→ WHAT THIS TASK INVOLVES:
Copy out the lines of the material that include the string "Answer".

→ DATA TO USE:

Content starts

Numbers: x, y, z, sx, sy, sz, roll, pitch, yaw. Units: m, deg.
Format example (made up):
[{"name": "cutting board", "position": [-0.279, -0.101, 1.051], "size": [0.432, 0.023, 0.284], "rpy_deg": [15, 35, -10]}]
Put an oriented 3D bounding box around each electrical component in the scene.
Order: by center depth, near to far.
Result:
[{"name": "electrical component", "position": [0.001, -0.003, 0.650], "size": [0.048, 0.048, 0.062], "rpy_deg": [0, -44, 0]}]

Content ends
Content starts

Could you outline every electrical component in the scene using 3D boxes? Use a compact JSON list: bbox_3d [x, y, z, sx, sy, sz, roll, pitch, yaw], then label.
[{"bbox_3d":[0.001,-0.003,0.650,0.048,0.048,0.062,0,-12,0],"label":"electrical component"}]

Content ends
Content starts

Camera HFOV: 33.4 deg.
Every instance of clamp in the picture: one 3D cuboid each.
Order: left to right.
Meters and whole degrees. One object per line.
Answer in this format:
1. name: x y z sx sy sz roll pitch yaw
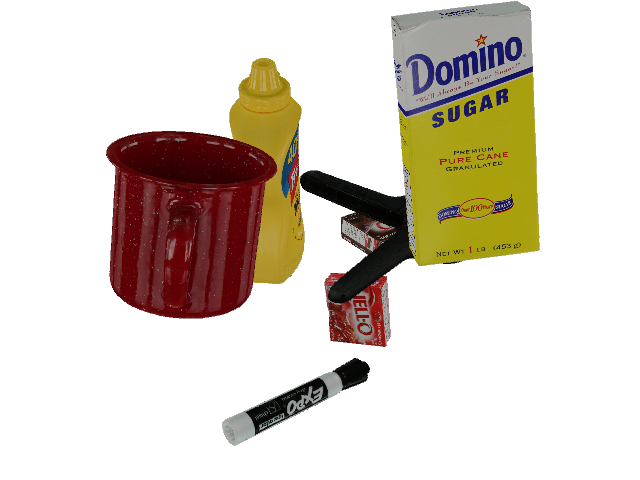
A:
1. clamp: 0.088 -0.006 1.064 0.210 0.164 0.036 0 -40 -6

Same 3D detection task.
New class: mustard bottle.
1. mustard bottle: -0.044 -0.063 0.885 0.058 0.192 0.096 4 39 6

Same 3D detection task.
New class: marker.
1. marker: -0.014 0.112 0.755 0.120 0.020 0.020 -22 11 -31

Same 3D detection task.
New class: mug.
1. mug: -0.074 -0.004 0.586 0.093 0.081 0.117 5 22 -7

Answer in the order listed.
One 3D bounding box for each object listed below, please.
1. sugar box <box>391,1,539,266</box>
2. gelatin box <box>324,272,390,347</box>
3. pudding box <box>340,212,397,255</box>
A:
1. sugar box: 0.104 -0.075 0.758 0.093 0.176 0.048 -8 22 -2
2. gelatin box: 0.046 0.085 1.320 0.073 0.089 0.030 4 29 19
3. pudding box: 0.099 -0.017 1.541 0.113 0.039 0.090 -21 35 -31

Content ends

→ EXERCISE RESPONSE:
Answer in this format:
Answer in the order listed.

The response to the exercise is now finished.